暴露组学关联分析

Author

大番薯本薯

Published

September 6, 2025

Modified

September 7, 2025

本篇是对omicRexposome包中“association”分析流程的拆解，其源代码为MultiDataSet-association.R，omicRexposome包的官方分析流程可以参考教程，该包相关文献为Multi-omics signatures of the human earlylife exposome。

安装相关R包

我们的测试数据来自于brgedata包，同时需要安装rexposome和omicRexposome包。

if (!requireNamespace("BiocManager", quietly = TRUE)) {
  install.packages("BiocManager")
}

packages <- c(
  "Biobase", "mice", "MultiDataSet", "lsr", "FactoMineR",
  "stringr", "circlize", "corrplot", "ggplot2", "reshape2", "pryr",
  "scales", "imputeLCMD", "scatterplot3d", "glmnet", "gridExtra",
  "grid", "Hmisc", "gplots", "gtools", "S4Vectors",
  "Biobase", "methods", "snpStats", "limma", "sva", "ggplot2",
  "ggrepel", "PMA", "omicade4", "ggplot2", "qqman", "gridExtra"
)

for (pkg in packages) {
  if (!pkg %in% rownames(installed.packages())) {
    message("Installing ", pkg)
    BiocManager::install(pkg)
  }
}

devtools::install_github("isglobal-brge/rexposome")
#> Skipping install of 'rexposome' from a github remote, the SHA1 (0bb431c5) has not changed since last install.
#>   Use `force = TRUE` to force installation
devtools::install_github("isglobal-brge/omicRexposome")
#> Skipping install of 'omicRexposome' from a github remote, the SHA1 (c8716b17) has not changed since last install.
#>   Use `force = TRUE` to force installation
devtools::install_github("isglobal-brge/brgedata")
#> Skipping install of 'brgedata' from a github remote, the SHA1 (e649549b) has not changed since last install.
#>   Use `force = TRUE` to force installation

关联分析思路

暴露组学与单组学的关联分析思路大致为：单组学设置为响应变量Y，暴露组学中的单个暴露因素设置为X，添加表型数据中的某些表型为协变量Z，使用limma进行建模分析，循环每个暴露因素，得到每个暴露因素与响应变量的回归系数和显著度。

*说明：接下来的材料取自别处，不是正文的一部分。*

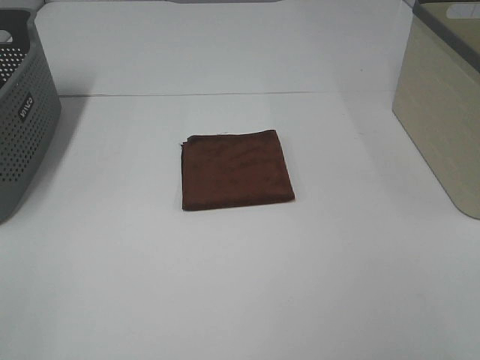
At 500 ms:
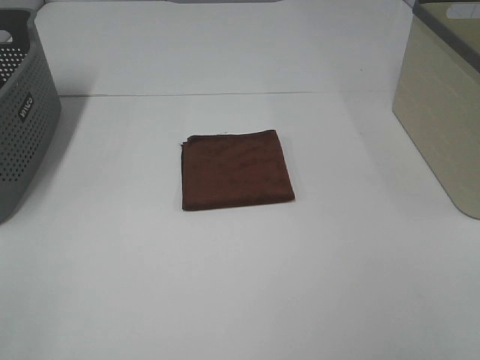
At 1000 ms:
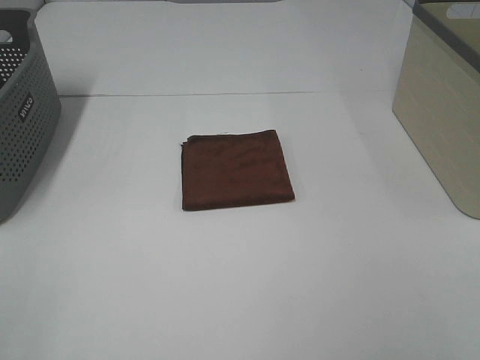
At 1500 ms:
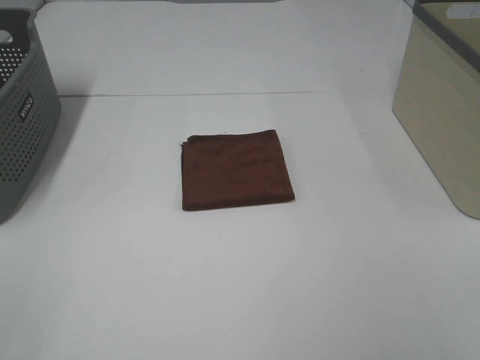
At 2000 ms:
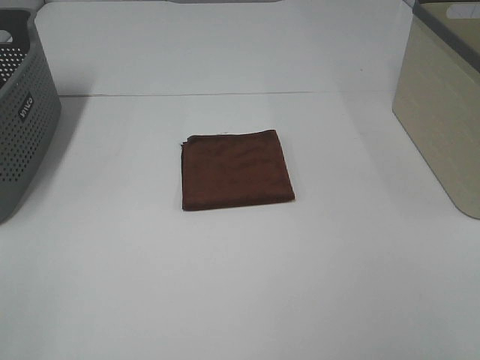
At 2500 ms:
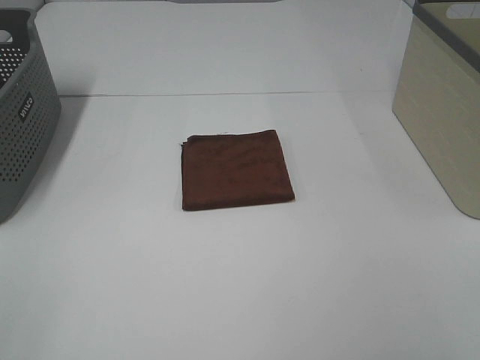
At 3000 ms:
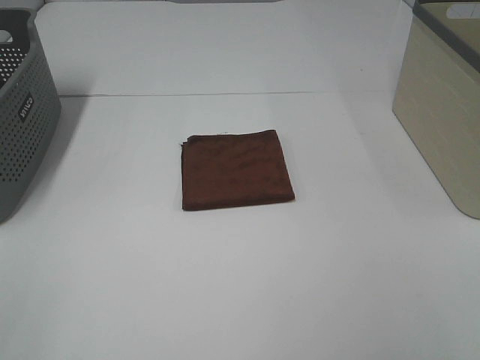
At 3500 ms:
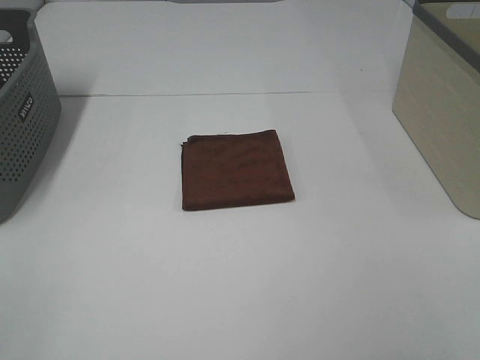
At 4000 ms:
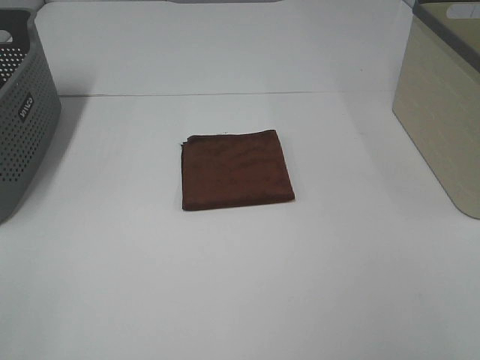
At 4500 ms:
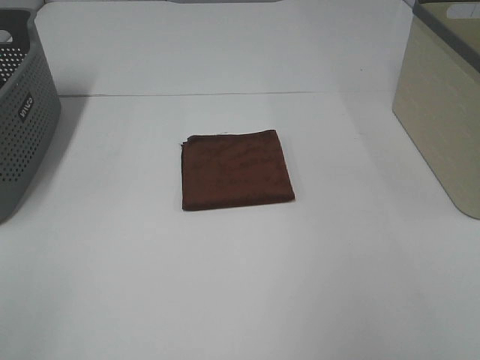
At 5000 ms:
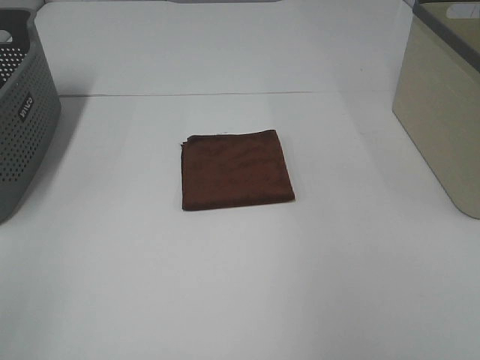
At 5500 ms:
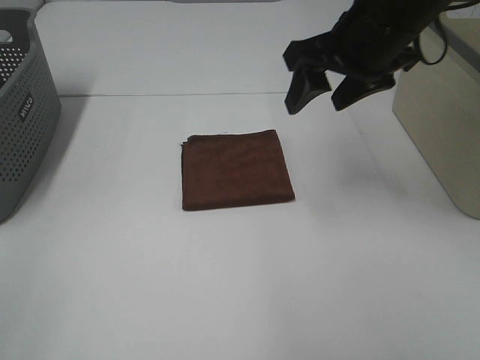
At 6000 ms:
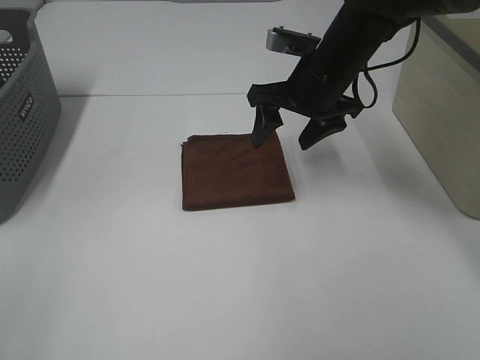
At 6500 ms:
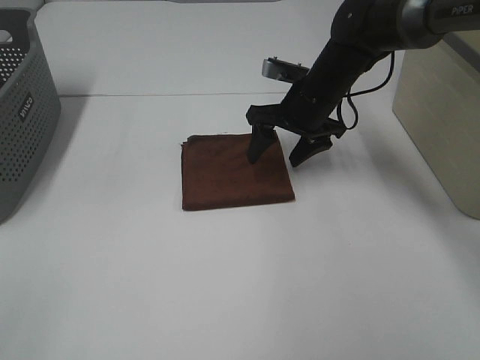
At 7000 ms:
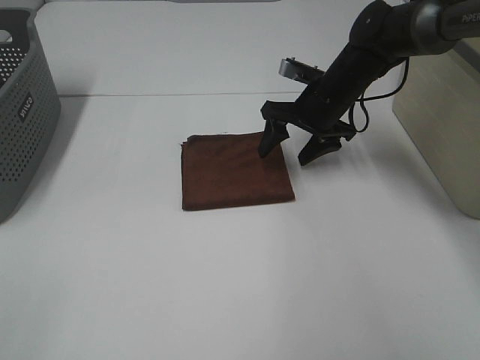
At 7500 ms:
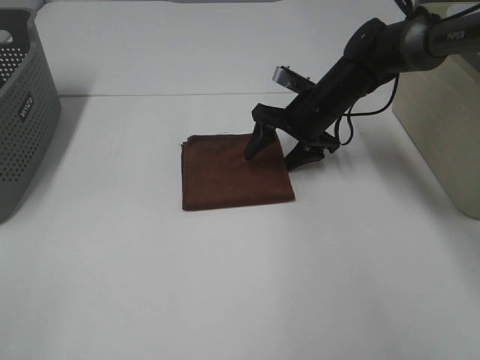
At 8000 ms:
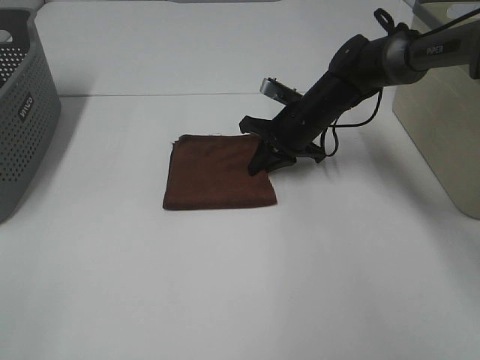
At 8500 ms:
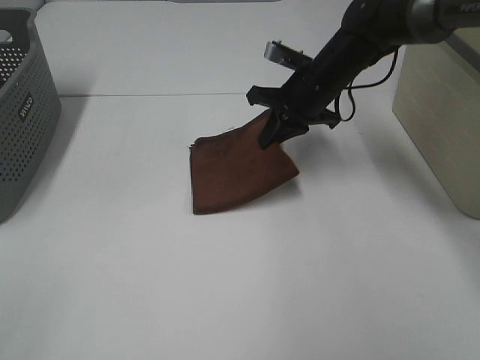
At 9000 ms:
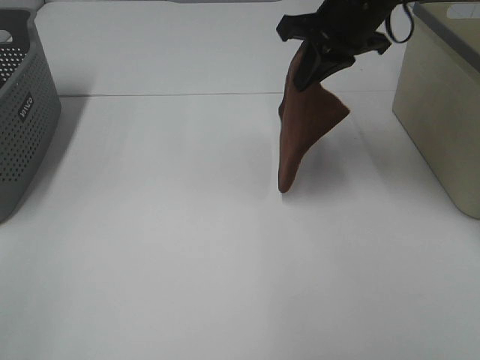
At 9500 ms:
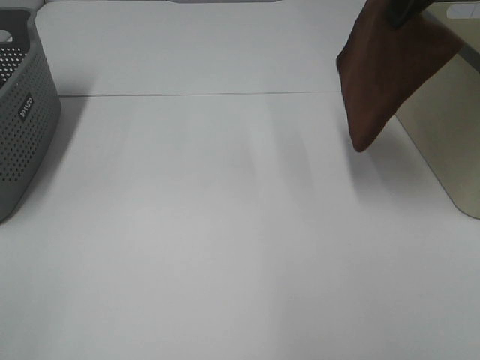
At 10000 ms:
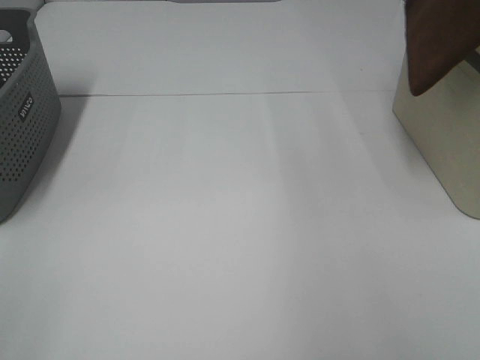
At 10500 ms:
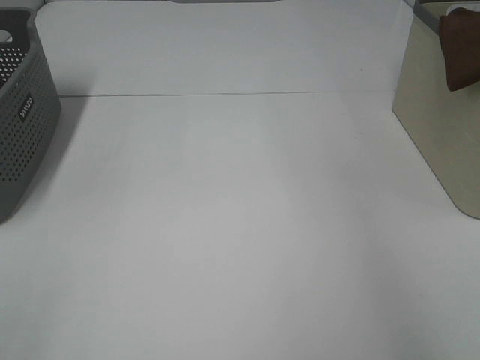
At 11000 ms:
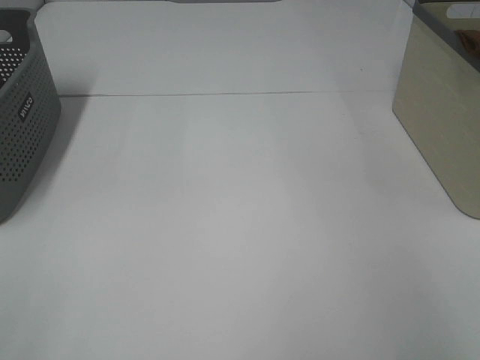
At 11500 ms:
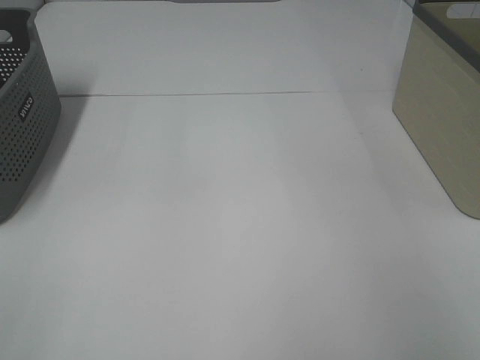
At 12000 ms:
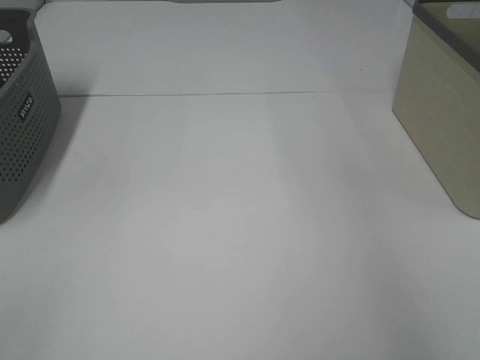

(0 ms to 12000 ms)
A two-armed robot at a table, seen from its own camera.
Step, 0 ms - 8000 ms: Right hand: grab the folded brown towel.
Step, 8500 ms - 11500 ms: Right hand: place the brown towel in right basket.
0 ms - 2000 ms: Both grippers stay put.
4000 ms - 6000 ms: The right gripper travels forward and to the left by about 40 cm.
6000 ms - 8000 ms: The right gripper shifts approximately 10 cm downward and forward, and closes up.
8000 ms - 10000 ms: The right gripper moves upward and to the right, roughly 35 cm.
10000 ms - 12000 ms: The right gripper moves to the right, about 10 cm, and opens.

除此之外，源码MultiDataSet-association.R文件中还添加了检查输入数据和进行SVA分析的功能。

输入检查

单组学，暴露组，表型数据，它们的样本数必须一致，删除不一致的样本。

if (warnings | verbose) {
  warning("Sets from 'MultiDataSet' will be reduced to common samples")
}

l1 <- vapply(Biobase::sampleNames(object)[c(omicset, expset)], length, FUN.VALUE = numeric(1))
object <- MultiDataSet::commonSamples(object)
l2 <- sapply(Biobase::sampleNames(object)[c(omicset, expset)], length)
l3 <- mapply("-", l1, l2, SIMPLIFY = FALSE)

if (verbose) {
  message(paste(unlist(l3), names(l3),
    sep = " samples were reduced from ", collapse = ", "
  ))
}

暴露因素和表型数据构成了设计矩阵，所以它们的数据必须没有NA值，

na.loc <- rowSums(apply(exp.dt, 2, is.na))
na.loc <- which(na.loc != 0)
if (length(na.loc) != 0) {
  if (warnings | verbose) {
    warning(
      "There are missing values. ", length(na.loc),
      " samples will be removed."
    )
  }
  exp.dt <- exp.dt[-na.loc, , drop = FALSE]
}

且不是常量。

tbl <- sapply(all.vars(design), function(x) length(table(exp.dt[, x, drop = FALSE])))
if (sum(!sapply(tbl, ">", 1)) != 0) {
  warning(
    "When testing for '", ex, "', at last one covariate ",
    "is constant (",
    paste(paste(names(tbl), tbl, sep = ": "), collapse = ", "),
    ")"
  )
}

替代变量分析（SVA）

当数据的异质性很大时，即使我们已经测量并尝试校正了一些已知的协变量（如年龄、性别、处理组等），可能仍然存在未被观测到的系统性变异来源（例如实验批次、样本处理时间、技术噪声等），这些因素会影响分析结果，导致假阳性或降低检验效能。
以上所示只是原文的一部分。